Desvío de Noche
Na trilha que divide o real do ficcional
Por Pedro Sales
Durante o Festival Olhar de Cinema 2023
“Onde está a patinadora de gelo Violeta Martínez?”, essa é a pergunta que parece, ao menos inicialmente, conduzir a trama de “Desvío de Noche”, longa que se aventura nos limites do real e ficcional, muitas vezes levando o próprio espectador a questionamentos. Roteirizado e dirigido pela dupla Paul Chotel e Ariane Falardeau St. Amour, a obra se inicia a partir da procura de uma jornalista pela “chica del hielo” (a garota do gelo). A busca, no entanto, se distancia bastante dos gélidos rinques de patinação e se embrenha no clima quente e úmido da floresta que circunda a pequena vila em Oaxaca, México, onde ela nasceu e, supostamente, retornou após sua última apresentação.
A obra se inicia em um caráter assumidamente documental, em que essa jornalista vai ao vilarejo tentando desvendar o paradeiro da atleta antes promissora. Dessa forma, é ela quem guia o espectador, mas fora do campo, apenas pela narração e perguntas. Nessa investigação, a única certeza que ela constrói, a partir das entrevistas com os moradores, é a imprecisão, tanto de quem a patinadora é quanto de para onde ela foi. Alguns moradores negam conhecê-la, e os outros, que a conhecem, não têm a menor pista de seu destino. Portanto, tudo que a jornalista tem é um laudo inconclusivo para a pergunta que abre o texto. Os registros de escola, onde ela procura respostas, também não ajudam muito. Faz muito tempo desde que Violeta saiu da escola, não há nada lá. A busca pela patinadora lida também com a última carta, que cita um tal Armando, e encontrá-lo também não é tarefa fácil.

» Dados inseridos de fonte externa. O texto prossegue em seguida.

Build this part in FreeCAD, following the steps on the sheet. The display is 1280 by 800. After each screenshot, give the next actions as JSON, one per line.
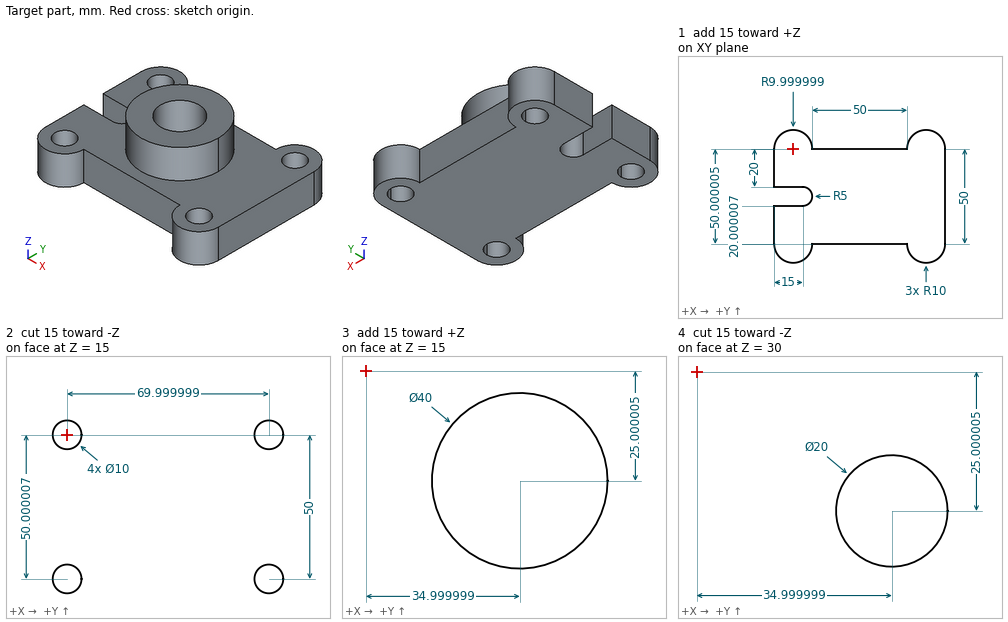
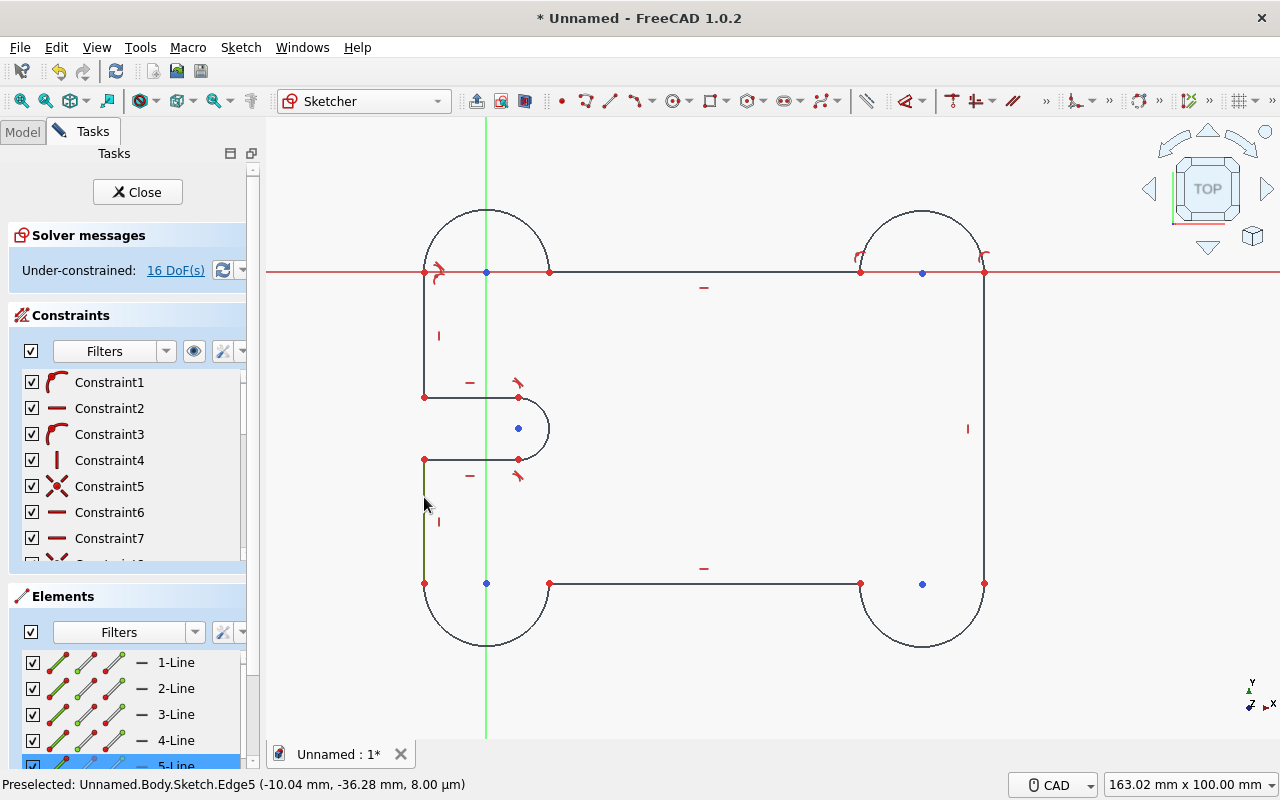
{"action": "left_click", "coordinate": [450, 634]}

Apesar das similaridades com a linguagem de documentário, a narrativa de “Desvío de Noche” é ficcional, embora não inteiramente, de certa forma existe sim um registro antropológico daquela comunidade, que por mais que estejam interpretando empregam sua própria realidade nos diálogos. As entrevistas e a voz em off da jornalista são elementos que, cada vez mais, colocam o espectador em dúvida. Assim, reside neste aspecto a potência do longa. Ao penetrar os limites do real e ficcional, o filme se expande para uma espécie de docuficção. A escolha do elenco, composto majoritariamente – se não inteiramente – por não-atores, com performances extremamente naturalistas, também corrobora para essa dicotomia. Se esta fosse a única ruptura proposta pelo filme, a ficcionalização de um documentário, já seria interessante. Contudo, a escolha ousada em transformar o longa em um díptico, dividido no documentário da jornalista e nas divagações de um morador local, deixa ainda mais acinzentada essa zona do real e imaginário, tanto no contexto de produção quanto de narrativa.
Essa quebra de gênero é muito mais temática, em relação ao direcionamento do olhar, do que formal, uma vez que a mise-en-scène é bem uniforme durante o longa. Em um tom atmosférico e com um ritmo que preza pela dilatação do tempo, o filme lida com muitos momentos sem diálogo, não dá para chamar de silêncio quando só a voz humana se cala e o som exterior continua, com latidos de cachorros e cricrilar de grilos. A câmera da dupla preza, portanto, por longos planos, às vezes, estáticos dessa natureza, reforçando a imutabilidade do espaço. A composição estabelece também quase sempre uma divisão de superfícies, separando o primeiro do segundo plano com folhas ou grades, obstruindo a visão. Esse efeito simbolicamente também dialoga com a impossibilidade de alcançá-la.
“Desvío de Noche” é uma obra muito mais comprometida com as sensações e ambientação criada, do que com uma história, no sentido convencional. Nesse sentido, existe uma inclinação muito forte ao cinema do diretor tailandês Apichatpong Weereasethakul. A princípio, a própria ruptura em um díptico, com o letreiro que antecipa esse desvio, é uma referência quase direta ao longa “Mal dos Trópicos” (2004). Em um aspecto de direção, as filmagens na floresta densa e este tempo que parece não pertencer aos homens, mas à natureza, são características marcantes que aproximam o longa canadense da filmografia do tailandês. Assim como os fantasmas e as forças sobrenaturais que se manifestam no ambiente natural, sobretudo na segunda metade do filme. De qualquer forma, a comparação é injusta com os novatos Paul Chotel e Ariane Falardeau, diretores jovens mas que já evidenciam a preferência pelo vanguardismo, desafiando os limites entre real e ficcional e prezando pelo tempo muito mais contemplativo que imediato, o que exige, naturalmente, muito mais da paciência do público.